TASK BRIEF
Scan the records for the word "highest". Return each line where it is found.

/---

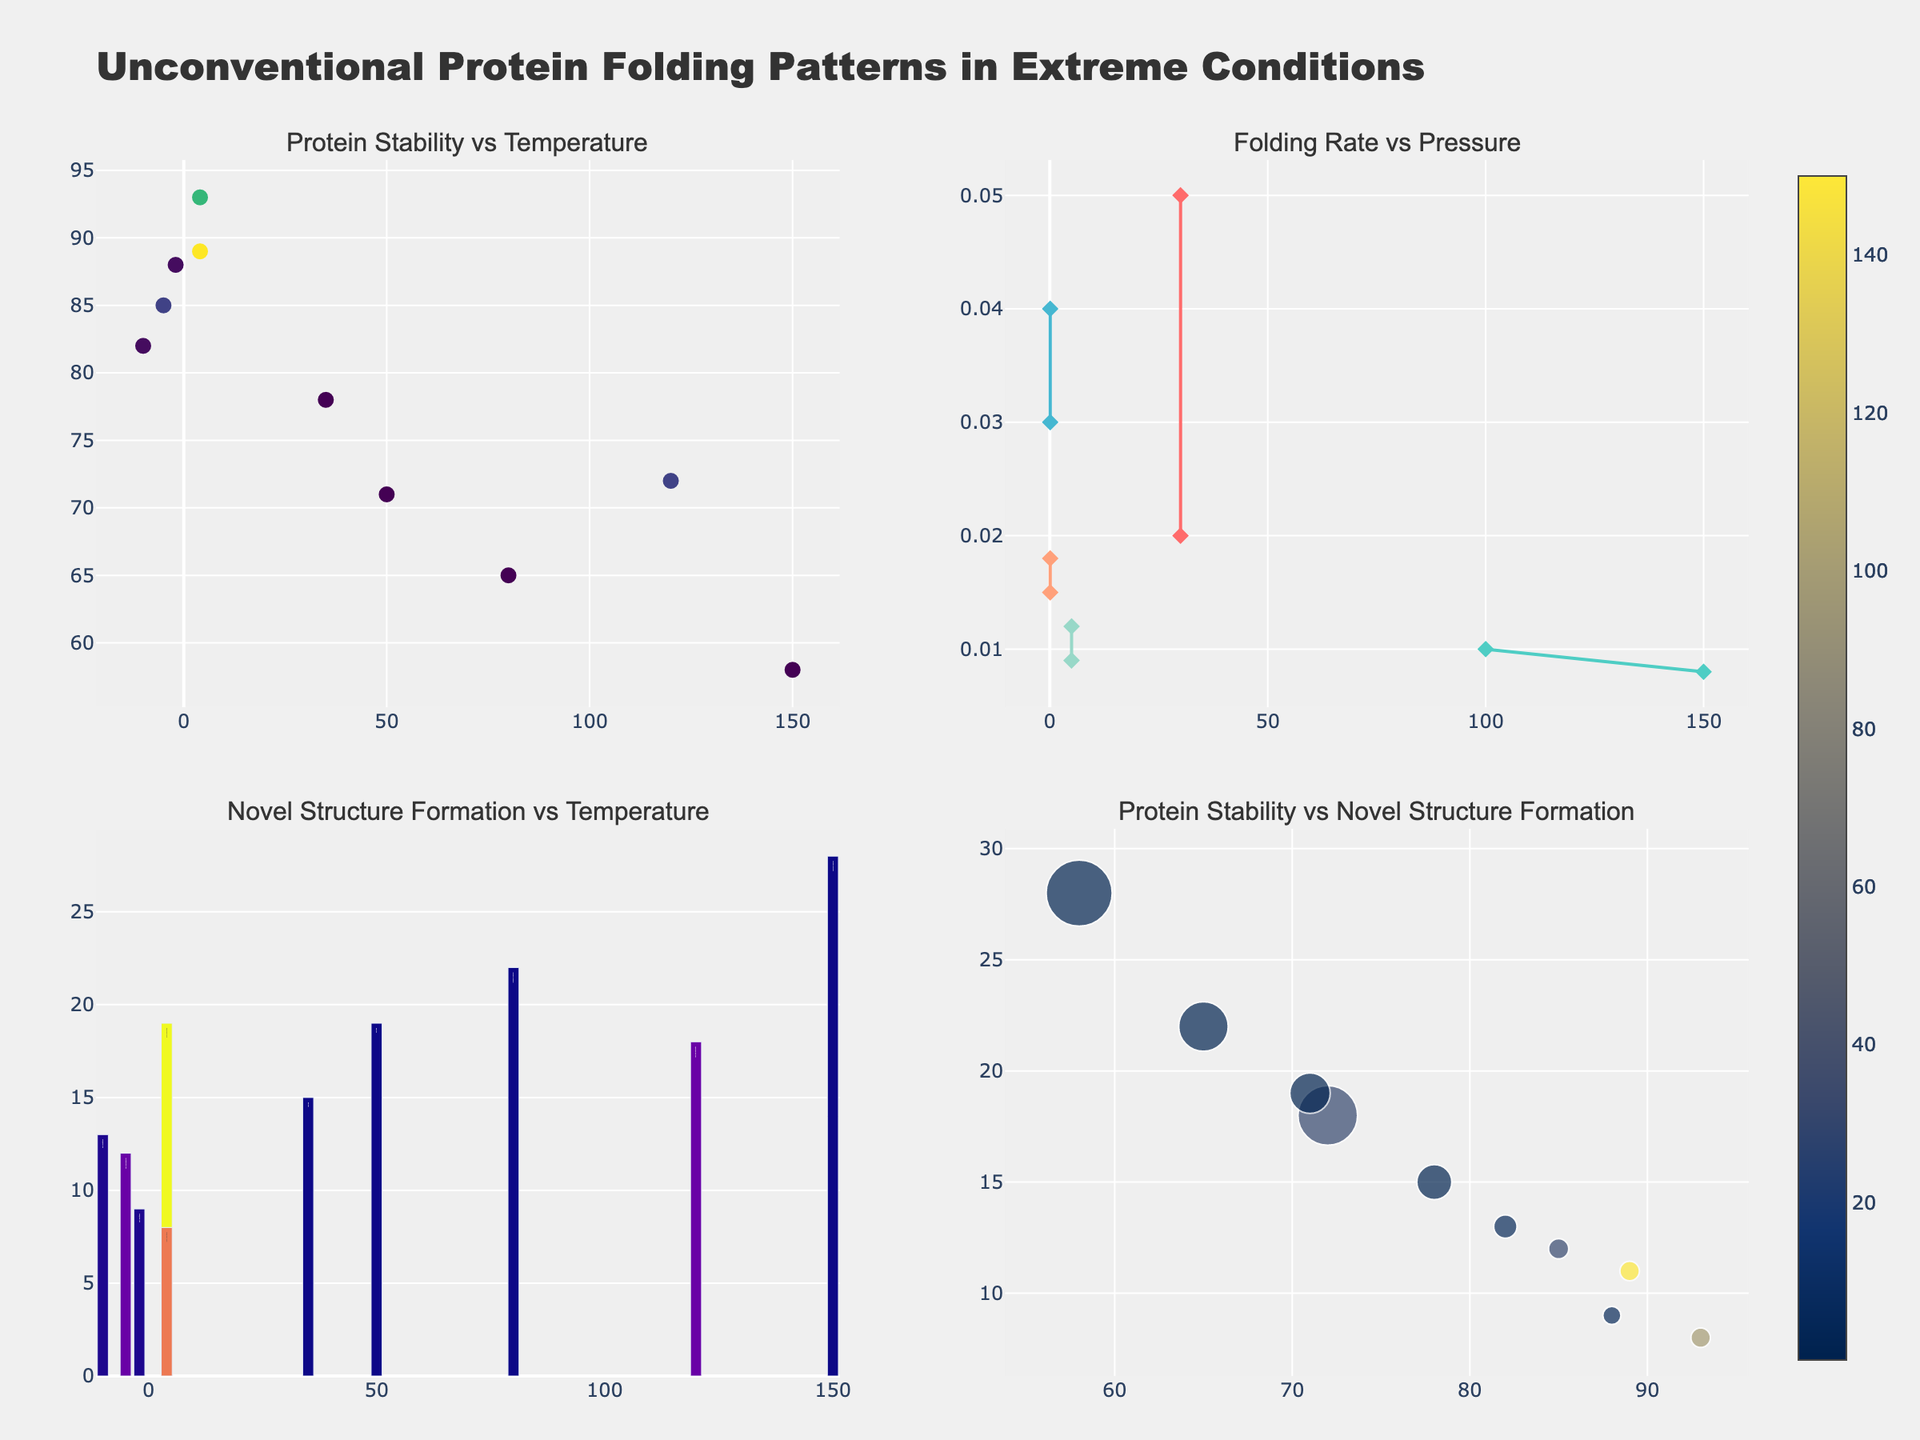What is the title of the figure? The title is usually located at the top of the figure. In this case, it is clearly mentioned in the layout update as "Unconventional Protein Folding Patterns in Extreme Conditions."
Answer: Unconventional Protein Folding Patterns in Extreme Conditions How many subplots are present in the figure? By examining the structure of the plots described, it is clear that there are four subplots. Each is assigned a specific relationship to be visualized, as described by the subplot titles.
Answer: 4 Which condition is associated with the highest protein stability at a temperature of 4°C and what is the stability percentage? By referring to the scatter plot in subplot 1, we can see that at a temperature of 4°C, Deep Sea Trench has the highest protein stability percentage of 93%.
Answer: Deep Sea Trench, 93% Which condition has the highest Folding Rate, and what is that rate? On observing the line plot in subplot 2, the condition with the highest peak along the Y-axis (Folding Rate) is Volcanic Fumarole which has a rate of 0.04 s^-1.
Answer: Volcanic Fumarole, 0.04 s^-1 In the bubble plot, which condition(s) exhibit(s) the lowest Novel Structure Formation at a Protein Stability of approximately 90%? In subplot 4, examining points near 90% along the X-axis, the Subglacial Lake condition exhibits the lowest Novel Structure Formation percentage of around 9%.
Answer: Subglacial Lake How does the Novel Structure Formation change with temperature for the Volcanic Fumarole condition, based on the bar plot? Observing the bars and associated temperatures in subplot 3 for Volcanic Fumarole, as the temperature increases from 80°C to 150°C, Novel Structure Formation increases from 22% to 28%.
Answer: Increases Which condition shows improvement in protein stability as temperature decreases from -2°C to -10°C? By analyzing the scatter plot in subplot 1 focusing on data points moving left from -2°C to -10°C and checking the Protein Stability percentages, Subglacial Lake shows improvement with stability increasing from 82% to 88%.
Answer: Subglacial Lake At a pressure of 150 MPa, how do Novel Structure Formation percentages compare between Deep Sea Trench conditions? Set focus on subplot 3 where Deep Sea Trench data points are compared along the bar heights; they show 8% (at 100 MPa) and 11% (at 150 MPa).
Answer: 11% is higher than 8% Overall, how does Protein Stability change with Pressure, as observed in the scatter plot? Evaluating the markers' color intensity in subplot 1, it shows that higher pressures (darker colors) tend to have higher protein stability percentages. This pattern is especially noticeable in Deep Sea Trench conditions.
Answer: Increases with Pressure

\---

SOLUTION TO THIS TASK
Answer: 4 Which condition is associated with the highest protein stability at a temperature of 4°C and what is the stability percentage? By referring to the scatter plot in subplot 1, we can see that at a temperature of 4°C, Deep Sea Trench has the highest protein stability percentage of 93%.
Answer: Deep Sea Trench, 93% Which condition has the highest Folding Rate, and what is that rate? On observing the line plot in subplot 2, the condition with the highest peak along the Y-axis (Folding Rate) is Volcanic Fumarole which has a rate of 0.04 s^-1.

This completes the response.